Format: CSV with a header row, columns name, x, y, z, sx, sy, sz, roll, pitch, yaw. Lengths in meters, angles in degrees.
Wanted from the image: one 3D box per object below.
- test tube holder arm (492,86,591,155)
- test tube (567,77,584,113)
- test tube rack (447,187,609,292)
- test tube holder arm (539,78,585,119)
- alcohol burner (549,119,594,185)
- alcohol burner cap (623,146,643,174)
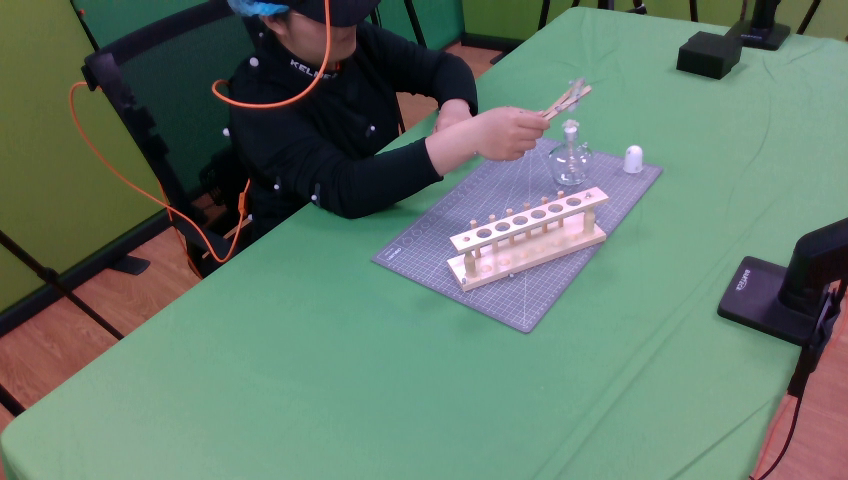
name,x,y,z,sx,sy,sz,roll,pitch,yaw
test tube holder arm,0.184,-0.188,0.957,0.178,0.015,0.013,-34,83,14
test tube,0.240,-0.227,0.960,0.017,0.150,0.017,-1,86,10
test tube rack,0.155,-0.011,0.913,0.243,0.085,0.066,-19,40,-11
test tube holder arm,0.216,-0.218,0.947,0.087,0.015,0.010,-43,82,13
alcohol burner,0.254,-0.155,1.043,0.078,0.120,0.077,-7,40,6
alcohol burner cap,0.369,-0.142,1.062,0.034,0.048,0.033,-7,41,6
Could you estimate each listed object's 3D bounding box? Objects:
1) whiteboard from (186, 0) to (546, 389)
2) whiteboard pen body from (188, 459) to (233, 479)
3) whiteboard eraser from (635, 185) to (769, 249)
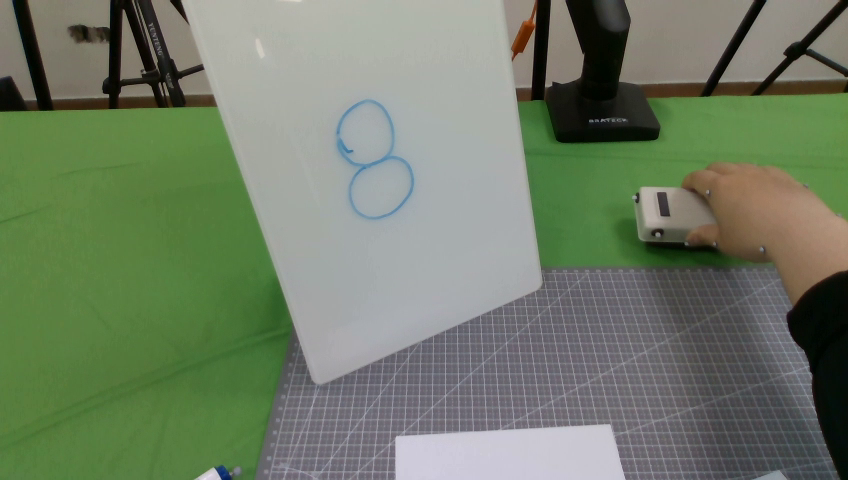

+++

**WHAT YOU WILL DO**
Repeat the data above exactly, leaving out any pictures it holds.

**EXERCISE RESPONSE**
Format: CSV with a header row, columns name, x, y, z, sx, sy, sz, roll, pitch, yaw. Lengths in meters, angles in degrees.
Wanted from the image: one 3D box per object below.
- test tube holder arm (492,86,591,155)
- test tube (567,77,584,113)
- test tube rack (447,187,609,292)
- test tube holder arm (539,78,585,119)
- alcohol burner (549,119,594,185)
- alcohol burner cap (623,146,643,174)
name,x,y,z,sx,sy,sz,roll,pitch,yaw
test tube holder arm,0.184,-0.188,0.957,0.178,0.015,0.013,-34,83,14
test tube,0.240,-0.227,0.960,0.017,0.150,0.017,-1,86,10
test tube rack,0.155,-0.011,0.913,0.243,0.085,0.066,-19,40,-11
test tube holder arm,0.216,-0.218,0.947,0.087,0.015,0.010,-43,82,13
alcohol burner,0.254,-0.155,1.043,0.078,0.120,0.077,-7,40,6
alcohol burner cap,0.369,-0.142,1.062,0.034,0.048,0.033,-7,41,6
Could you estimate each listed object's 3D bounding box? Objects:
1) whiteboard from (186, 0) to (546, 389)
2) whiteboard pen body from (188, 459) to (233, 479)
3) whiteboard eraser from (635, 185) to (769, 249)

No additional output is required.